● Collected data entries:
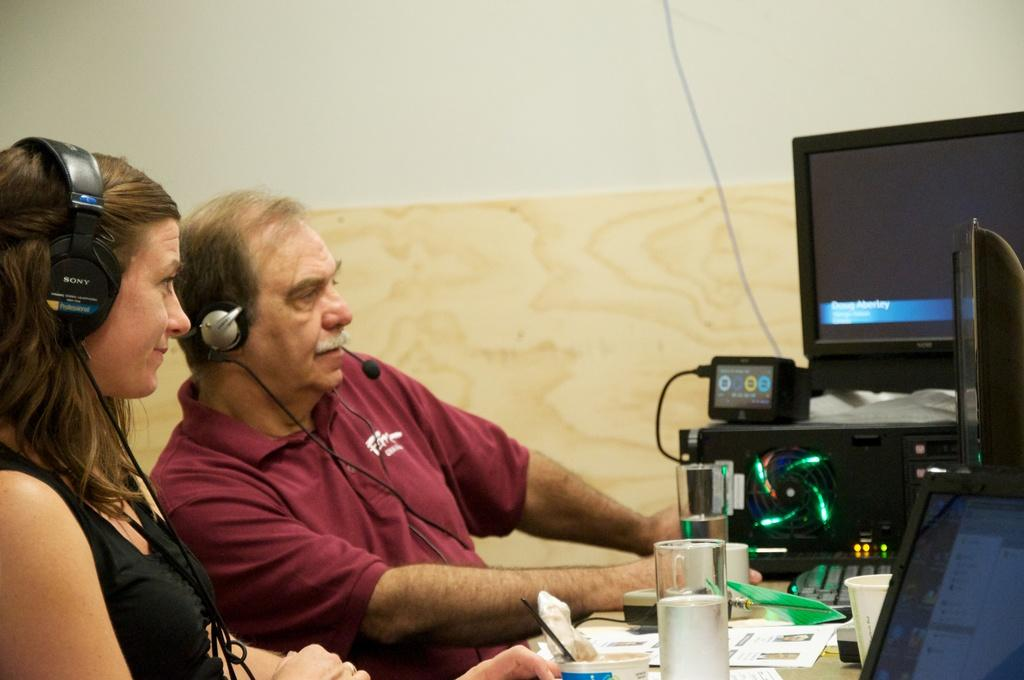How many people are on the left side of the image? There are two persons on the left side of the image. What is located in front of the persons? There is a table in front of the persons. What can be seen on the table? There are many objects on the table. What is visible in the background of the image? There is a wall in the background of the image. How many boys are sitting on the table in the image? There is no mention of boys in the image; it only states that there are two persons on the left side of the image. What type of sponge is being used by the persons in the image? There is no sponge present in the image. 
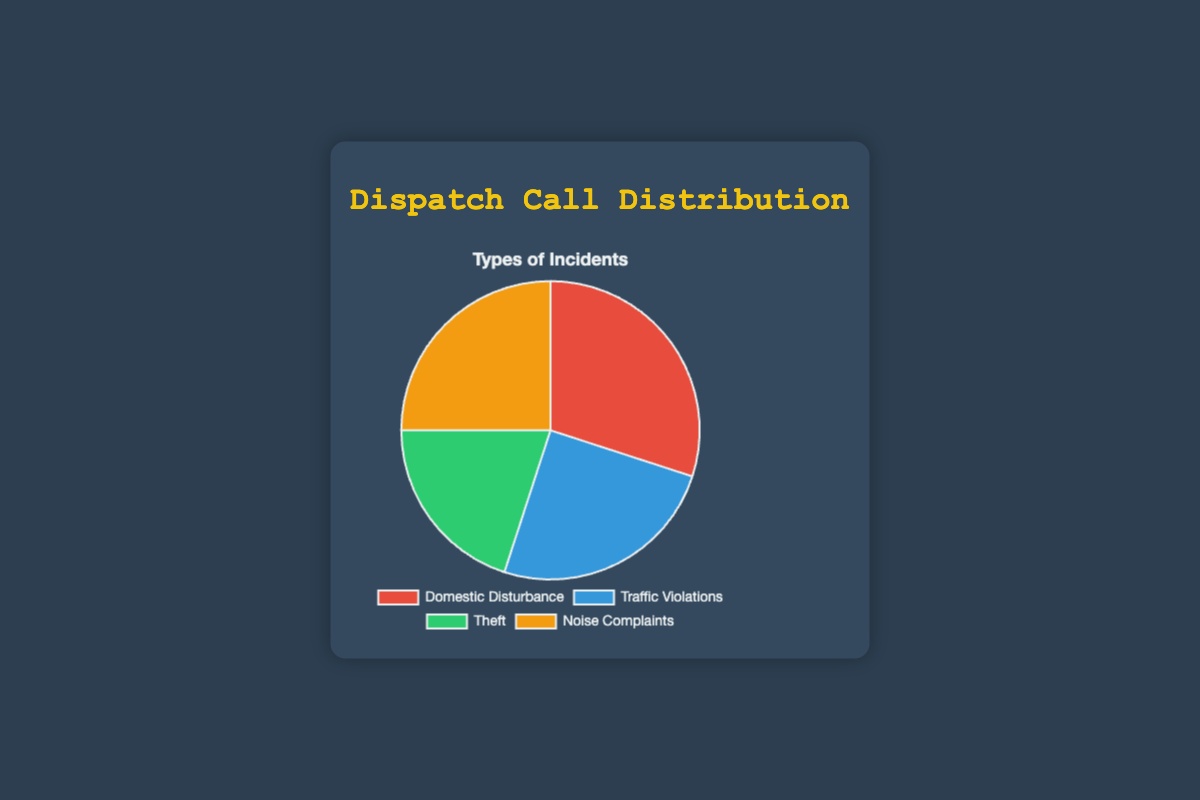Which incident type has the highest percentage of calls? Look at the pie chart and identify the incident type with the largest section. The 'Domestic Disturbance' section is the largest.
Answer: Domestic Disturbance Which two incident types have the same percentage of calls? Look at the pie chart and identify sections of equal size. 'Traffic Violations' and 'Noise Complaints' have the same percentages.
Answer: Traffic Violations and Noise Complaints What's the total percentage of calls attributed to Domestic Disturbance and Theft? Add the percentages for 'Domestic Disturbance' and 'Theft': 30% + 20% = 50%.
Answer: 50% How many more percentage points do Domestic Disturbance calls have compared to Theft calls? Subtract the percentage for 'Theft' from 'Domestic Disturbance': 30% - 20% = 10%.
Answer: 10 Which section is colored red? Observe the coloration of the pie chart sections and identify which incident type matches the red color. 'Domestic Disturbance' is colored red.
Answer: Domestic Disturbance Which incidents have a higher or equal percentage compared to Traffic Violations? Identify the incidents with percentages greater than or equal to 25%. 'Domestic Disturbance', 'Noise Complaints', and 'Traffic Violations' meet this criteria.
Answer: Domestic Disturbance, Noise Complaints What's the average percentage of calls for Noise Complaints and Traffic Violations combined? Add the percentages for 'Noise Complaints' and 'Traffic Violations' and divide by 2: (25% + 25%) / 2 = 25%.
Answer: 25 Which incident type is represented by the green color? Look at the pie chart's color coding and identify which incident type matches the green color. 'Theft' is represented by the green color.
Answer: Theft

● EXERCISE BRIEF:
The job is to copy all the records precisely while omitting any picture.

● EXERCISE RESULT:
How many people are on the left side of the image? There are two persons on the left side of the image. What is located in front of the persons? There is a table in front of the persons. What can be seen on the table? There are many objects on the table. What is visible in the background of the image? There is a wall in the background of the image. How many boys are sitting on the table in the image? There is no mention of boys in the image; it only states that there are two persons on the left side of the image. What type of sponge is being used by the persons in the image? There is no sponge present in the image. 
Which incident type has the highest percentage of calls? Look at the pie chart and identify the incident type with the largest section. The 'Domestic Disturbance' section is the largest.
Answer: Domestic Disturbance Which two incident types have the same percentage of calls? Look at the pie chart and identify sections of equal size. 'Traffic Violations' and 'Noise Complaints' have the same percentages.
Answer: Traffic Violations and Noise Complaints What's the total percentage of calls attributed to Domestic Disturbance and Theft? Add the percentages for 'Domestic Disturbance' and 'Theft': 30% + 20% = 50%.
Answer: 50% How many more percentage points do Domestic Disturbance calls have compared to Theft calls? Subtract the percentage for 'Theft' from 'Domestic Disturbance': 30% - 20% = 10%.
Answer: 10 Which section is colored red? Observe the coloration of the pie chart sections and identify which incident type matches the red color. 'Domestic Disturbance' is colored red.
Answer: Domestic Disturbance Which incidents have a higher or equal percentage compared to Traffic Violations? Identify the incidents with percentages greater than or equal to 25%. 'Domestic Disturbance', 'Noise Complaints', and 'Traffic Violations' meet this criteria.
Answer: Domestic Disturbance, Noise Complaints What's the average percentage of calls for Noise Complaints and Traffic Violations combined? Add the percentages for 'Noise Complaints' and 'Traffic Violations' and divide by 2: (25% + 25%) / 2 = 25%.
Answer: 25 Which incident type is represented by the green color? Look at the pie chart's color coding and identify which incident type matches the green color. 'Theft' is represented by the green color.
Answer: Theft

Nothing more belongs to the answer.